Review by Anita Perry
Last weekend the Okanagan Symphony Orchestra (OSO) shared the stage with renowned multiple Juno and Latin Grammy award winning singer-songwriter Alex Cuba. The capacity theatre audience enjoyed the unique combination of Cuba’s sunny and infectious music mixed with a dash of OSO pizzaz, resulting in an evening that was uplifting and satisfying.

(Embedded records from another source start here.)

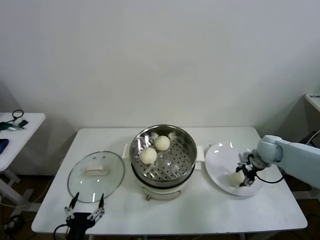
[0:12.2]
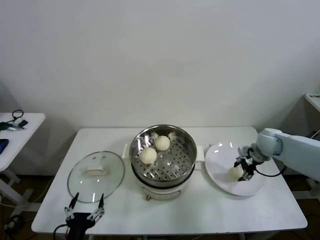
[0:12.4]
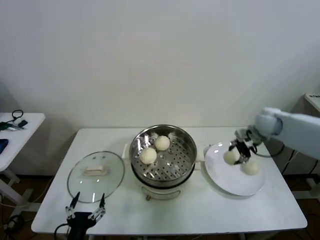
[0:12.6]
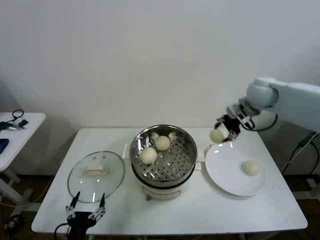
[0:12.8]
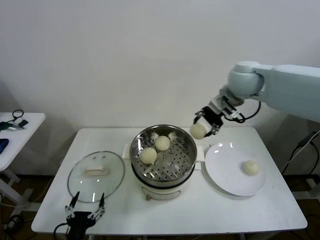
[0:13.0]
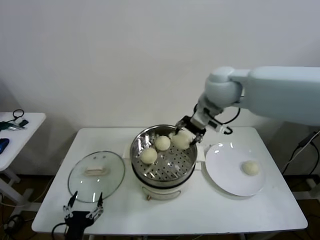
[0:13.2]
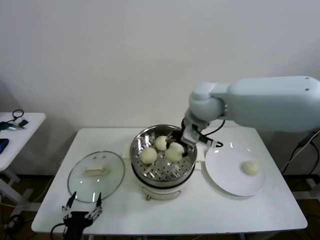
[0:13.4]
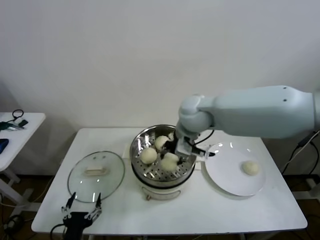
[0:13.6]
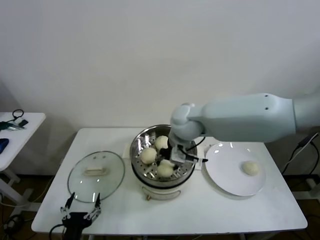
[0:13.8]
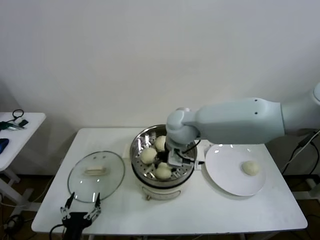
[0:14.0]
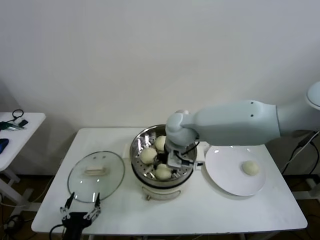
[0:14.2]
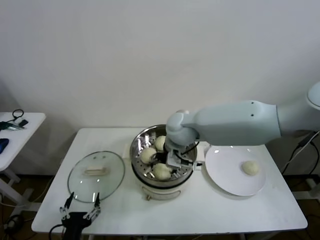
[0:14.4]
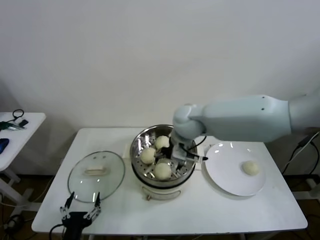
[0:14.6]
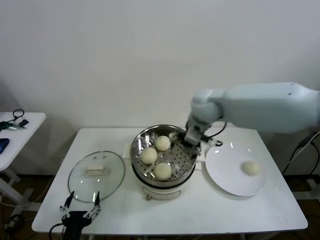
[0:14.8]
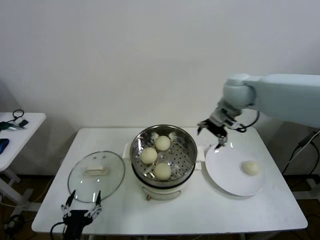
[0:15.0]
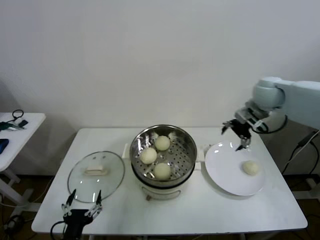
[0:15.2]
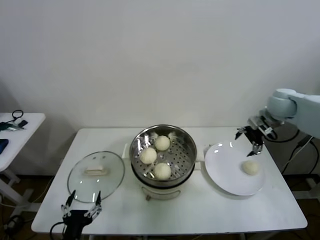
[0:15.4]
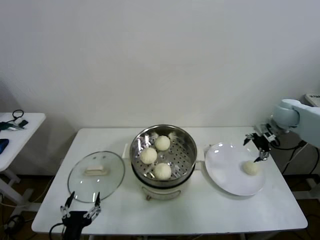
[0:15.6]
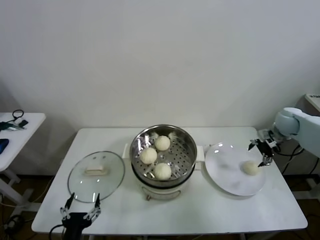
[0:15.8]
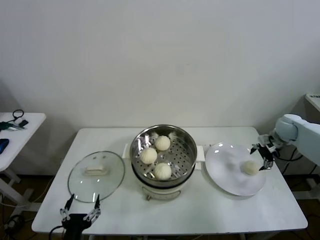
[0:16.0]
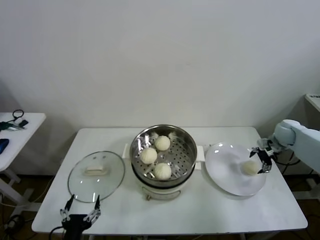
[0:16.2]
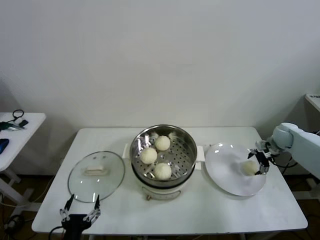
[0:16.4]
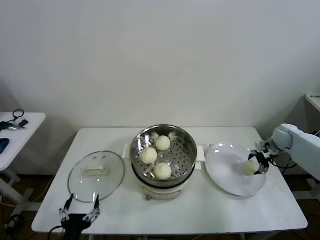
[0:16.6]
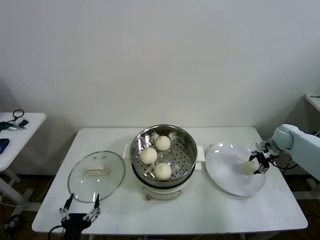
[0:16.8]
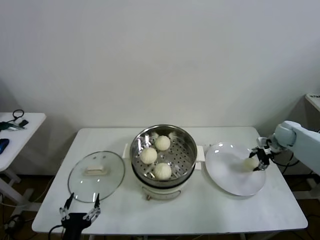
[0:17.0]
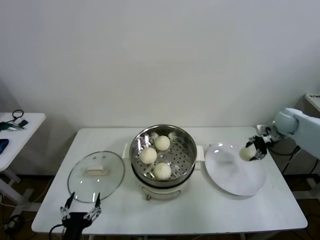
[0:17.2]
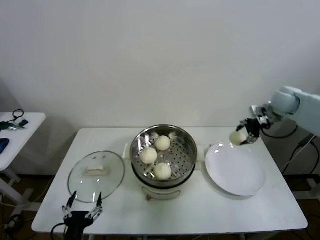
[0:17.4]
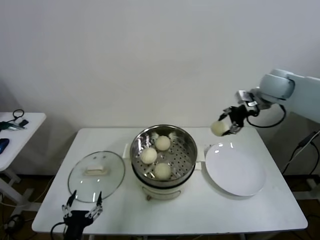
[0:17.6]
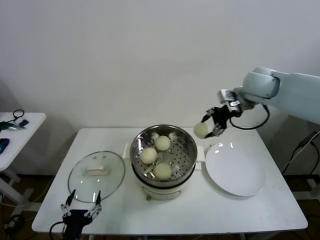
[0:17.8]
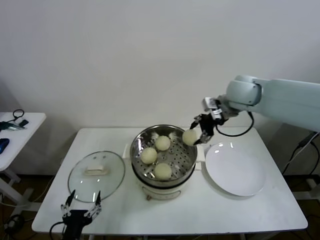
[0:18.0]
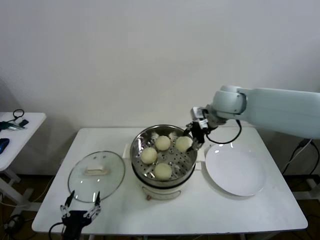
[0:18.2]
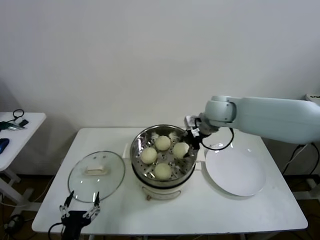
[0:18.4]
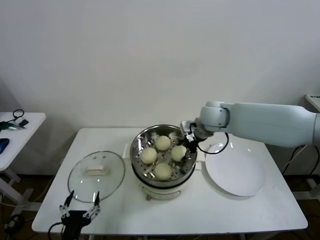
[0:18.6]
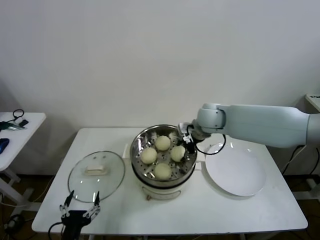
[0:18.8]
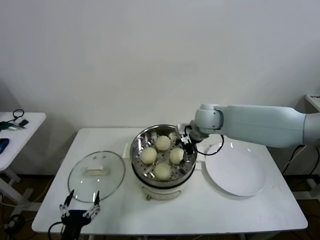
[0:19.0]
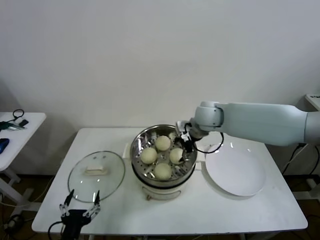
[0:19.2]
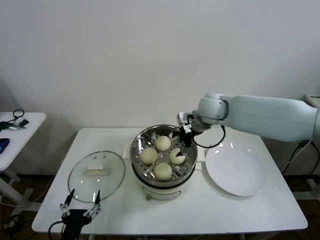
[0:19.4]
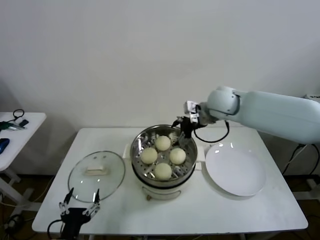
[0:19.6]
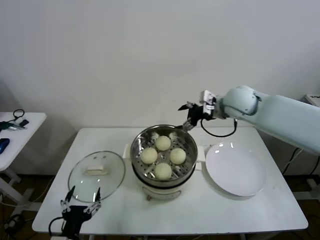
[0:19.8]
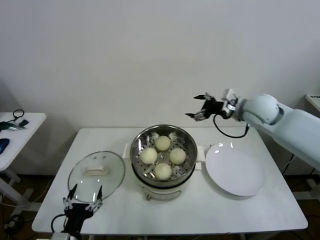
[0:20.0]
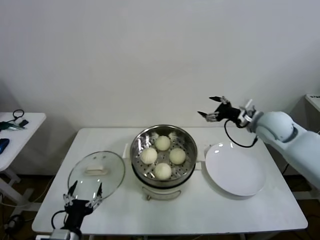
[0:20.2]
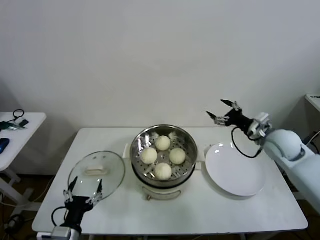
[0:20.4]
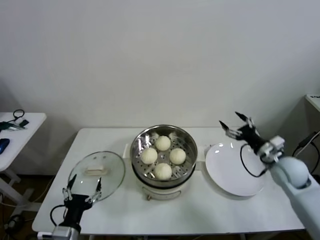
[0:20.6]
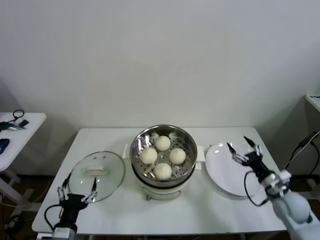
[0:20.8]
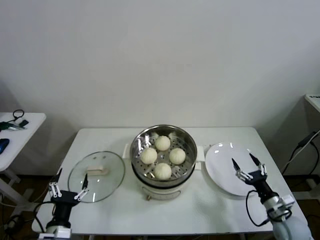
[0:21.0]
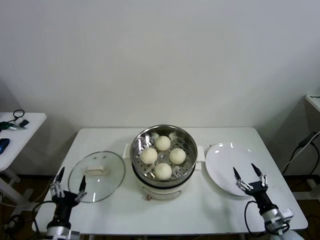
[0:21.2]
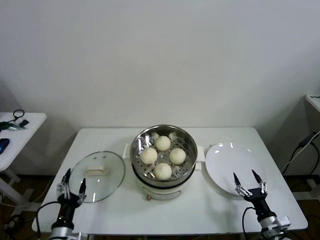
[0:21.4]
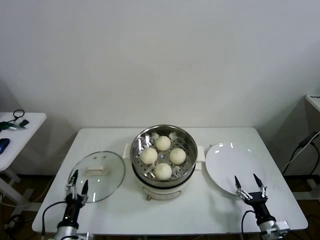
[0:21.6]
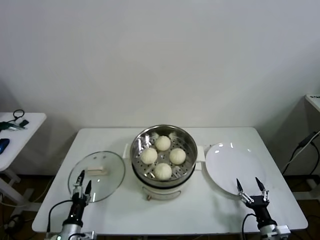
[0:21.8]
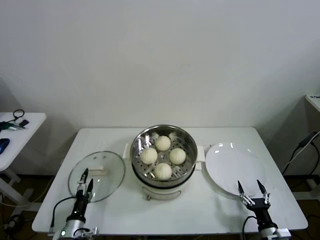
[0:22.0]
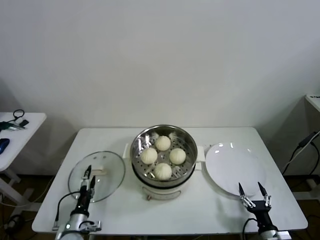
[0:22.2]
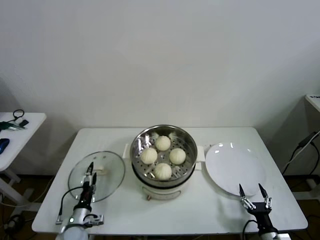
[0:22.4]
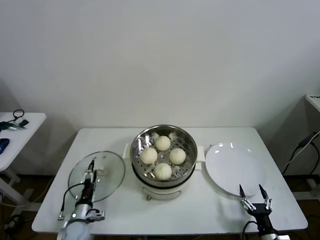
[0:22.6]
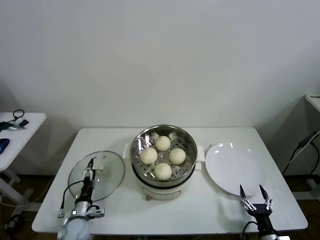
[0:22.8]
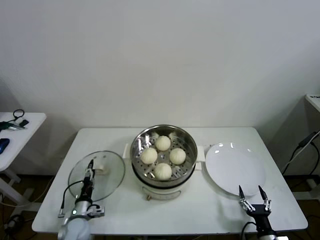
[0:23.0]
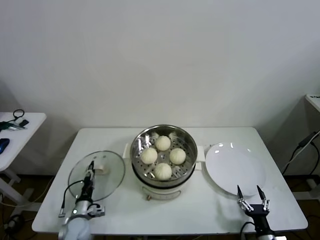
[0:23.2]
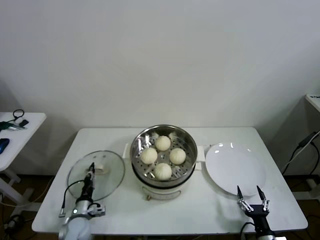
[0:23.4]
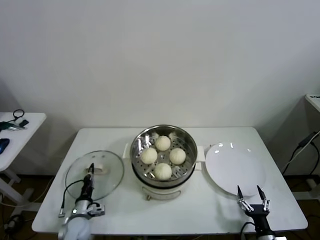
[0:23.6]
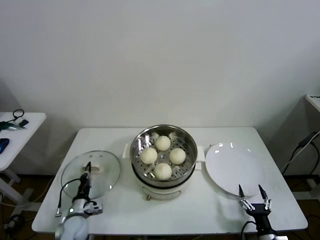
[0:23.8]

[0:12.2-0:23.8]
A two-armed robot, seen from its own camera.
Task of the whole recording: take steamed baozi put them in steamer then cover it.
Step, 0:12.4 to 0:14.4: Place the baozi on the steamer with right gripper.
Step, 0:14.6 to 0:16.8: Grasp the baozi in the plate with right gripper.
Step, 0:17.2 to 0:19.2: Place the baozi on the steamer with right gripper.
Step, 0:19.4 to 0:23.6: Grasp the pot lid with left gripper.
0:12.2 to 0:13.6: The right gripper moves to the left and upward, approximately 35 cm.
0:13.6 to 0:15.0: The right gripper heads to the right and forward, covering about 15 cm, and opens up.
0:15.0 to 0:16.6: The right gripper travels to the right and downward by some 35 cm.
0:16.6 to 0:18.0: The right gripper moves to the left and upward, about 35 cm, and closes up.
0:18.0 to 0:19.4: The right gripper is displaced to the left and downward by roughly 10 cm, and opens.
0:19.4 to 0:21.0: The right gripper moves downward, backward and to the right, about 50 cm; the left gripper changes place by roughly 5 cm.
0:21.0 to 0:22.4: The left gripper heads downward and forward, covering approximately 15 cm; the right gripper heads backward and downward, covering roughly 15 cm.
0:22.4 to 0:23.8: The left gripper closes.

The concert opened with Fandango by Fred Perkins. Wielding her baton with exquisite finesse, Maestra Rosemary Thomson capably set a passionate, romantic and expressive mood for what was to come. Thusly prepared, the audience eagerly welcomed Alex Cuba to the stage. Always entertaining and ever versatile, Cuba’s relaxed, warm style set the tone for his partnership with Thomson, uniting the world of classical orchestral music with the unique Latin American and North American pop that is Cuba’s signature style.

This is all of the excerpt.